Of course you can have infinite growth on a finite planet

This assertion betrays a woeful lack of understanding of the the most basic economics:

On one side of the divide is a growing cadre of environmentalists and left-wing economists who argue you can’t have infinite growth on a finite planet and the crunch point is fast approaching. They claim the corporate and political imperative to continually expand the economy is pushing mankind to the brink of Armageddon.

It’s a ludicrous assertion.

Sure, there’re a limited number of atoms on the planet. We can’t, while staying here, use more than that number. No one doubts that. But that’s not what economic growth is.

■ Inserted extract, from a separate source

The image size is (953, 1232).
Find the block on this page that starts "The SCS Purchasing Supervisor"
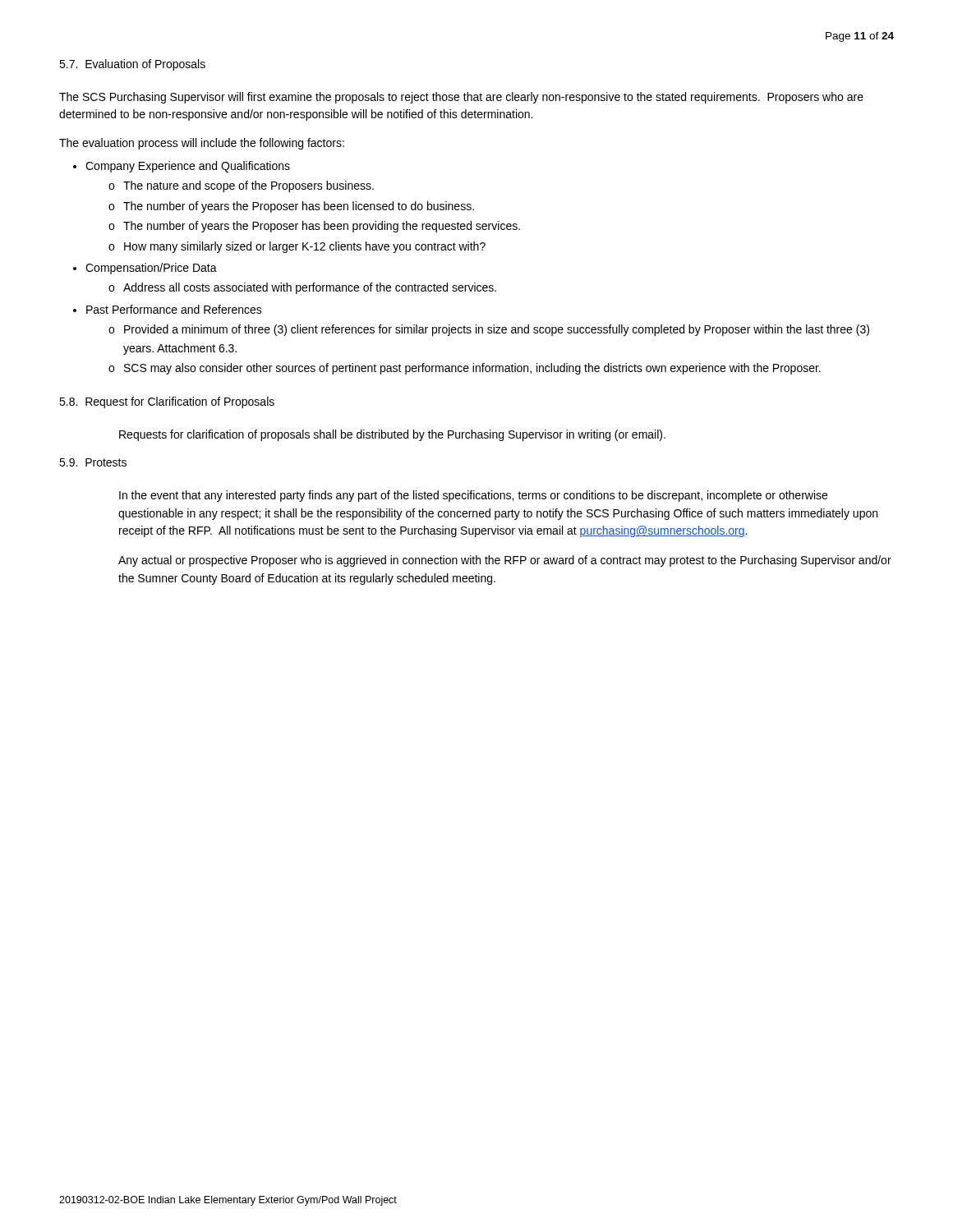(x=461, y=106)

GDP is not minerals - or anything else physical - processed. It’s value added. The limit to GDP is therefore in knowing how to add value. Therefore, while physical resources are obviously scarce - there’d be no subject called economics if that were not so - it is not physical resources which limit economic growth. It’s knowledge.

The assertion that we cannot have infinite growth on a finite plant fails at this most basic level of understanding therefore. For it’s simply not grasping what economic growth is - an increase in value add.

Of course, some take this even further, Jason Hickel seems to have said that we should have degrowth so that we can then have socialism which seems a bit absurd.

Even leaving that sort of thing aside the agreed finity of the size of the planet is not an argument for the finity of the size of the economy. Simply because the thing we measure as the economy, as economic growth - GDP - is not physical . It’s value, not stuff. So, how can a limit to the amount of stuff be the limitation?